#### WORK REQUEST
All lines from the opening of the entries below through the line containing "5) sneaker [133,85,166,124]" must be output exactly as they appear, with no other lines.

#### SUPPLIED DATA

********************

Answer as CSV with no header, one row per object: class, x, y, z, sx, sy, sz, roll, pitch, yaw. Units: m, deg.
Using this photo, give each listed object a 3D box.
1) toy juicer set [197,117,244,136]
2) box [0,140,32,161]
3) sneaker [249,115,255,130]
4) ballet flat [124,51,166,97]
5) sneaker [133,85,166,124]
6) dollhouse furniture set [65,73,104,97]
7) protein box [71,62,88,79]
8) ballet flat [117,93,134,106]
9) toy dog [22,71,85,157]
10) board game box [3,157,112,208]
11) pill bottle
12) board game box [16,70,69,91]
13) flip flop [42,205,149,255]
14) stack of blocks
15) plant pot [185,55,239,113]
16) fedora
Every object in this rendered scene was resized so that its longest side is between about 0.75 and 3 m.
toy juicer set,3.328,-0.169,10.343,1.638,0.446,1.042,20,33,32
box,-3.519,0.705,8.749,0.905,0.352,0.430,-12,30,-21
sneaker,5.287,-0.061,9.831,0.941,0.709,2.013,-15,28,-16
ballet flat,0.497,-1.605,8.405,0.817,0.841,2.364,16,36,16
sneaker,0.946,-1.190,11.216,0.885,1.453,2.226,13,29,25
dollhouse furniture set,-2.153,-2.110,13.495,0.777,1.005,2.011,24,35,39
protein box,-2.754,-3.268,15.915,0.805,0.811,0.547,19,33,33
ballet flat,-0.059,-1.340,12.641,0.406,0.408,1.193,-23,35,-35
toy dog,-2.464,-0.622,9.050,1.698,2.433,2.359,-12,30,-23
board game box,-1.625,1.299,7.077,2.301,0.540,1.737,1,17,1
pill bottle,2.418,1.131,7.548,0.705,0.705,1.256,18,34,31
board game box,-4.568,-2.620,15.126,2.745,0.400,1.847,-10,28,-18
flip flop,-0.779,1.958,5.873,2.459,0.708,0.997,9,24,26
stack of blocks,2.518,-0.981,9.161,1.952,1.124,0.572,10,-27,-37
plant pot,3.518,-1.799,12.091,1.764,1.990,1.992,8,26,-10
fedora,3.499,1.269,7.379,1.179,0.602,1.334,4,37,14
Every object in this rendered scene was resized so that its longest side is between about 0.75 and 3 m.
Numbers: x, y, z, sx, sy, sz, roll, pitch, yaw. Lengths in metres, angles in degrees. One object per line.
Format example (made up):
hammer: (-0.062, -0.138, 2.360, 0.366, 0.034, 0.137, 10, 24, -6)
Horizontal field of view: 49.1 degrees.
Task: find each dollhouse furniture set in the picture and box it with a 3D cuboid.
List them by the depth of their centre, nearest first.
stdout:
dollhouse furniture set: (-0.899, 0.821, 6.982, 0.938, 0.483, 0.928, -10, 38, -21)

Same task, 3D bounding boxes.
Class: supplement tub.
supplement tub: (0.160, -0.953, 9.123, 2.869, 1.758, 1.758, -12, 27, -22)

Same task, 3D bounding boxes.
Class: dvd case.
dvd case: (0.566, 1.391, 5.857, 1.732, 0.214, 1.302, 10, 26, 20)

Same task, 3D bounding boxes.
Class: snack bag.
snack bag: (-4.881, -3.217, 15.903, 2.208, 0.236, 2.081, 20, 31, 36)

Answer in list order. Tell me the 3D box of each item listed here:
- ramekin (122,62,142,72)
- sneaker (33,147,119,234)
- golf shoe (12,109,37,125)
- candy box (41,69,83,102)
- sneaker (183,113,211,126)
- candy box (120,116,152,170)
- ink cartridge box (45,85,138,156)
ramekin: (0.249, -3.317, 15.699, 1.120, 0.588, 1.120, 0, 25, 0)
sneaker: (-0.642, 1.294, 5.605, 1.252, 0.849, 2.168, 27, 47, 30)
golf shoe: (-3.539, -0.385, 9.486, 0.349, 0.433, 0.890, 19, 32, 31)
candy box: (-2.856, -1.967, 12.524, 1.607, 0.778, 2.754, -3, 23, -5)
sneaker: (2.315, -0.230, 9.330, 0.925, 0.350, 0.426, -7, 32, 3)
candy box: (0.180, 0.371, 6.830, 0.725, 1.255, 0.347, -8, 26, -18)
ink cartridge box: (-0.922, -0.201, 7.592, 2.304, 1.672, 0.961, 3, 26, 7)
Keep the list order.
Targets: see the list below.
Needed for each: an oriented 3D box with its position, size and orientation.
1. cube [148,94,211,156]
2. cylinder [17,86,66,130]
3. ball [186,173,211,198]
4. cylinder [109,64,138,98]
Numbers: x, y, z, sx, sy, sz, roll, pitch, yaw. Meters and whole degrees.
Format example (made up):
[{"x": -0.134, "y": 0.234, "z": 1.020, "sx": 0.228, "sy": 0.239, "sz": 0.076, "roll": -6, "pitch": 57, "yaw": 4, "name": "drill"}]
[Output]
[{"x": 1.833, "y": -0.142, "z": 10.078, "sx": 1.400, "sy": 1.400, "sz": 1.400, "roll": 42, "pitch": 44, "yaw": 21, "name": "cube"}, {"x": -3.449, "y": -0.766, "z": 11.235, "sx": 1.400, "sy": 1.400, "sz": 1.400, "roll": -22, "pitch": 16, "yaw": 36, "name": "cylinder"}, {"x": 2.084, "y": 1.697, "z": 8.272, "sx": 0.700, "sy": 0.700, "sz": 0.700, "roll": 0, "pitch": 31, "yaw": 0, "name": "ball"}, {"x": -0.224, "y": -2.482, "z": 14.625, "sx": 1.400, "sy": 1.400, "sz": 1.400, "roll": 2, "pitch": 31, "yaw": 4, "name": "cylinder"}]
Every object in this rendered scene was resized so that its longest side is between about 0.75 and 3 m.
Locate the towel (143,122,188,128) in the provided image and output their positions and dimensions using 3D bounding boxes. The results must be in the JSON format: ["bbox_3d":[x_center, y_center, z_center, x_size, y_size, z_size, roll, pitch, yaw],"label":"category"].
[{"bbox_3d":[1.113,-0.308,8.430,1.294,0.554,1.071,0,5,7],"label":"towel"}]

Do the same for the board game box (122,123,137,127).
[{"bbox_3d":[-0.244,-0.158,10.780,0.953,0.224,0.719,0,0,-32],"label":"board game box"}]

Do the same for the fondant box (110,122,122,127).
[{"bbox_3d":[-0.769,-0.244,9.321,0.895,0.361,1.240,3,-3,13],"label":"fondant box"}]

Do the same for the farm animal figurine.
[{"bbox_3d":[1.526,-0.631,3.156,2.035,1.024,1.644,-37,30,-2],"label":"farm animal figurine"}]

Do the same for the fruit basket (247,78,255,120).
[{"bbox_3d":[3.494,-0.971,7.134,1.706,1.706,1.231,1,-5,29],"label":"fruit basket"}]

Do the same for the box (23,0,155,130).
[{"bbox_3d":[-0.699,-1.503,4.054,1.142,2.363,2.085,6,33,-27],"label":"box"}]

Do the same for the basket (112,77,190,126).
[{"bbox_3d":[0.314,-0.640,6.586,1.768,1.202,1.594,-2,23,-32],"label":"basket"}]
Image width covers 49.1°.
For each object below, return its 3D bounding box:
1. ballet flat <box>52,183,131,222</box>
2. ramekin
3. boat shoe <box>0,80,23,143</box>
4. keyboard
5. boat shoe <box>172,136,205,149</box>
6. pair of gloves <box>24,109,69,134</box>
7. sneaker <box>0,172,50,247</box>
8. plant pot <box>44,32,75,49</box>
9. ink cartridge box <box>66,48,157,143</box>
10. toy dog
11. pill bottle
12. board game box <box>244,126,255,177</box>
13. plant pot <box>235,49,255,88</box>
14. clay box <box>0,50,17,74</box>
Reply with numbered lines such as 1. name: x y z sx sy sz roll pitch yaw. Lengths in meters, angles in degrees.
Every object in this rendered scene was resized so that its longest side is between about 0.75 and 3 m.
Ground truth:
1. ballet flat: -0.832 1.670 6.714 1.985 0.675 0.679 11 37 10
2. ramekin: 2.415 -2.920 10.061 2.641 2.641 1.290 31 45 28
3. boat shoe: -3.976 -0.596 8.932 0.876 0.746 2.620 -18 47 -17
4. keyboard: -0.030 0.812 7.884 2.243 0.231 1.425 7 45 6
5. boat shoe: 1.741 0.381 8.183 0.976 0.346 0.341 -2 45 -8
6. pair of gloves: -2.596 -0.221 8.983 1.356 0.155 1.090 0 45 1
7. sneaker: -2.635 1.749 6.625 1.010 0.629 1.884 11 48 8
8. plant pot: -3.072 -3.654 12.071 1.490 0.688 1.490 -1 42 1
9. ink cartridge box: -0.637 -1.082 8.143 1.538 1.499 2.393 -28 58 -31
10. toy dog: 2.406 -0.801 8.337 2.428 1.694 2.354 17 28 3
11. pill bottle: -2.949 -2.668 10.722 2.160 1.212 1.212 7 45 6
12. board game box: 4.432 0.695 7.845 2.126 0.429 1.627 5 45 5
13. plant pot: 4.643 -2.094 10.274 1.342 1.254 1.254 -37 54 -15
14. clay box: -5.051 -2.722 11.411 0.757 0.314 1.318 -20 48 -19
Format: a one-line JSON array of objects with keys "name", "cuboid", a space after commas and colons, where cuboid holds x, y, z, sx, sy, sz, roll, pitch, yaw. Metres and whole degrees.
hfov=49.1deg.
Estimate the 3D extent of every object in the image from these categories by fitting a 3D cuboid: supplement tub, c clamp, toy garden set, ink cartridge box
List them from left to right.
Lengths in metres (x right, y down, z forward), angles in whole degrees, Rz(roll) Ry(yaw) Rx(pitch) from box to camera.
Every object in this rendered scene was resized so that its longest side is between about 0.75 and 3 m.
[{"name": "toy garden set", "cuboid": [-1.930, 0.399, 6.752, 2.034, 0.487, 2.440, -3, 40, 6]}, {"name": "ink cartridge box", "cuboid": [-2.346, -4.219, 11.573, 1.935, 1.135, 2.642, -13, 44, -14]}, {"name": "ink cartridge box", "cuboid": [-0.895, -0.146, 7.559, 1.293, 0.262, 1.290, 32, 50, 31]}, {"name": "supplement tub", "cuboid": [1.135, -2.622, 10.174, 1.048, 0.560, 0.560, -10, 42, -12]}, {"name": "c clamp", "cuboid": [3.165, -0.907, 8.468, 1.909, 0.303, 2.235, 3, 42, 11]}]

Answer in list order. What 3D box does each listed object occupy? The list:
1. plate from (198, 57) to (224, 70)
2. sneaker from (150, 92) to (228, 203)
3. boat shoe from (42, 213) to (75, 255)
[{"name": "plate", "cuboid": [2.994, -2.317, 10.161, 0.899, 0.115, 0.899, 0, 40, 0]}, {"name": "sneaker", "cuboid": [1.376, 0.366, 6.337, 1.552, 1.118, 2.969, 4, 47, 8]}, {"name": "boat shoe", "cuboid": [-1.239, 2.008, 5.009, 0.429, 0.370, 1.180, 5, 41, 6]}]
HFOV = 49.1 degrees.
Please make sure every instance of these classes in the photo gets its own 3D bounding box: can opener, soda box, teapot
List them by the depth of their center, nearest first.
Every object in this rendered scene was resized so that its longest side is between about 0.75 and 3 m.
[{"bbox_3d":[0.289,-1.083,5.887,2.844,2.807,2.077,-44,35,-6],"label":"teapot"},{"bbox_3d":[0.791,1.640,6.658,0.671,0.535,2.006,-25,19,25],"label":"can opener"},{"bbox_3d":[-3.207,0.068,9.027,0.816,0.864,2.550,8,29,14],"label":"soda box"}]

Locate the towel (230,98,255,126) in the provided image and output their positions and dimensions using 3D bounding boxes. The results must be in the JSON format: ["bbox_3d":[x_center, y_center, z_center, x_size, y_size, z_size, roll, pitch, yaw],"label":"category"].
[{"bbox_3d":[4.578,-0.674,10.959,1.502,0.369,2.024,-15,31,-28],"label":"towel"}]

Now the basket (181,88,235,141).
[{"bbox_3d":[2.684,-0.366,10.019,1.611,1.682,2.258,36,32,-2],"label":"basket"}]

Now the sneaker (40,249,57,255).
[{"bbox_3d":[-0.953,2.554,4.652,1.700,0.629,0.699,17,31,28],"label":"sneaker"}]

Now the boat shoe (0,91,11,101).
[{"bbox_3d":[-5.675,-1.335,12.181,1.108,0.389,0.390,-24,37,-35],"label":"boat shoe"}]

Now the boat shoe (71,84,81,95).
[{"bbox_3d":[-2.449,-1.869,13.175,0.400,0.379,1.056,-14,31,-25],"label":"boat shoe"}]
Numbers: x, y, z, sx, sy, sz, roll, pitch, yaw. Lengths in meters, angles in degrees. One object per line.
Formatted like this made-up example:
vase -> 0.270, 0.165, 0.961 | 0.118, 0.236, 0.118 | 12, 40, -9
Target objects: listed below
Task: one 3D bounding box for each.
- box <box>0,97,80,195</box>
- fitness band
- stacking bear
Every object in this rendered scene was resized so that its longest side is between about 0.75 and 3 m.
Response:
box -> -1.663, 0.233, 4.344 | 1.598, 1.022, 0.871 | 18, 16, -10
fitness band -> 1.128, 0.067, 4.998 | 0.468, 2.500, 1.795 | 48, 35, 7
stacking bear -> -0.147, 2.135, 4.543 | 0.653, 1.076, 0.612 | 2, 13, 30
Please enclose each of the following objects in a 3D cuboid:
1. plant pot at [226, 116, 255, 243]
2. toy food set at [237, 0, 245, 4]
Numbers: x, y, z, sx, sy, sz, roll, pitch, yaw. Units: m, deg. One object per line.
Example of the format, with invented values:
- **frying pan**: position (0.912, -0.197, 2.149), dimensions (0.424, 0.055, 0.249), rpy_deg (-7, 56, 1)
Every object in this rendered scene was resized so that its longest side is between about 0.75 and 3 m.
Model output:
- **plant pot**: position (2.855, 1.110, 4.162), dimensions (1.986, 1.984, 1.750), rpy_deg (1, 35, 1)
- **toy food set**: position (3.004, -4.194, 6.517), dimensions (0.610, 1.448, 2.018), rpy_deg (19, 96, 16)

********************

#### RESPONSE TO THIS TASK
Answer as CSV with no header, one row per object: class, x, y, z, sx, sy, sz, roll, pitch, yaw. Units: m, deg.
Using this photo, give each listed object a 3D box.
1) toy juicer set [197,117,244,136]
2) box [0,140,32,161]
3) sneaker [249,115,255,130]
4) ballet flat [124,51,166,97]
5) sneaker [133,85,166,124]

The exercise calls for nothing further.